None of these scenarios is particularly comfortable. We see no evidence that evolution is randomly adding 250,000 neurons to each child born today, so that explanation is hard to swallow. The thought of adding a large package of something like 2.5 billion neurons in one step is difficult to imagine, because there is no way to explain how the neurons would wire themselves in. What sort of point mutation would occur in a DNA molecule that would suddenly create billions of new neurons and wire them correctly?* The current theory of evolution does not predict how this could happen.

One line of current research is looking at the effect of very small changes in DNA patterns during embryonic development. Any new animal, be it a mouse or a human, starts life as a single cell. That cell differentiates and develops into the complete animal. A tremendous amount of signaling happens between cells during the development process to ensure that everything ends up in the right place. Tiny changes in these signaling processes can have very large effects on the resulting animal. This is how the human genome, with at most 60,000 or so genes, is able to specify the creation of a human body containing trillions of cells, billions of carefully wired neurons and hundreds of different cell types all brilliantly sculpted into organs as diverse as the heart and the eyes. The book "Molecular Biology of the Cell" puts it this way:

Humans, as a genus distinct from the great apes, have existed for only a few million years. Each human gene has therefore had the chance to accumulate relatively few nucleotide changes since our inception, and most of these have been eliminated by natural selection. A comparison of humans and monkeys, for example, shows that their cytochrome-c molecules differ in about 1 percent and their hemoglobins in about 4 percent of their amino acid positions. Clearly, a great deal of our genetic heritage must have been formed long before Homo sapiens appeared, during the evolution of mammals (which started about 300 million years ago) and even earlier. Because the proteins of mammals as different as whales and humans are very similar, the evolutionary changes that have produced such striking morphological differences must involve relatively few changes in molecules from which we are made. Instead, it is thought that the morphological differences arise from differences in the temporal and spatial pattern of gene expression during embryonic development, which then determine the size, shape and other characteristics of the adult.

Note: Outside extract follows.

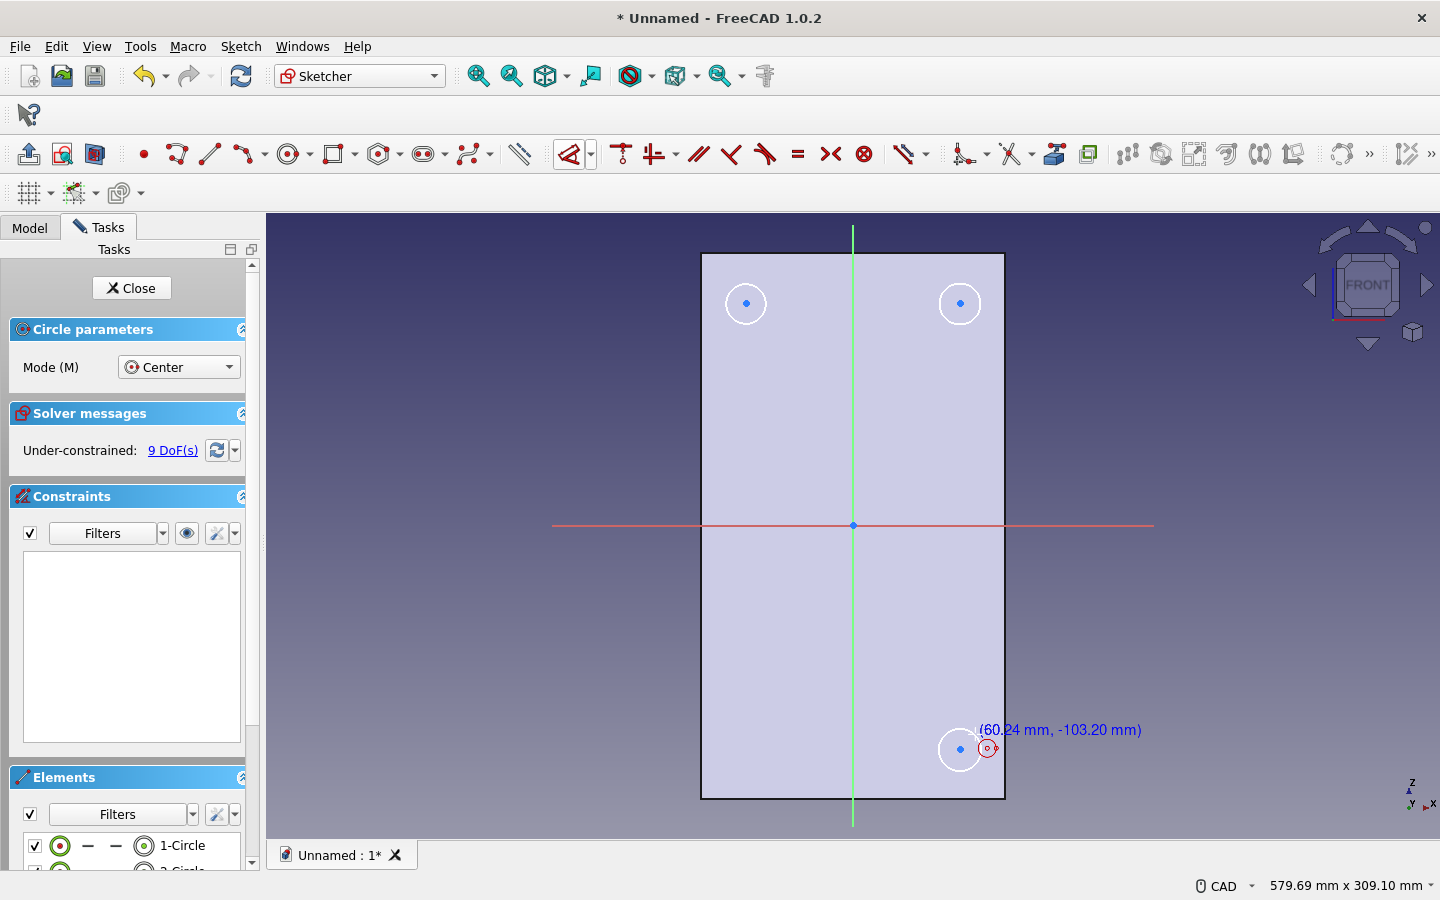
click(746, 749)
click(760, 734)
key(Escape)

In other words, there just are not that many differences in the DNA of a human and a whale, yet humans and whales look totally different. Small collections of DNA mutations can have a very big effect on the final result.

Right now, the signaling mechanisms that wire up the 100 billion cells in the human brain are something of a mystery. How can the mere 60,000 genes in the human genome tell 100 billion neurons how to precisely wire themselves in the human brain? No one right now has a clear understanding of how so few genes can meticulously wire so many neurons. In a developing fetus in the womb, DNA is correctly creating and wiring up millions of cells per minute. Given that DNA does wire up a working human brain every time a baby is born, it may be the case that DNA has special properties that make evolution work more efficiently. As the mechanisms become better understood, the effects of DNA mutations during development will become better understood as well.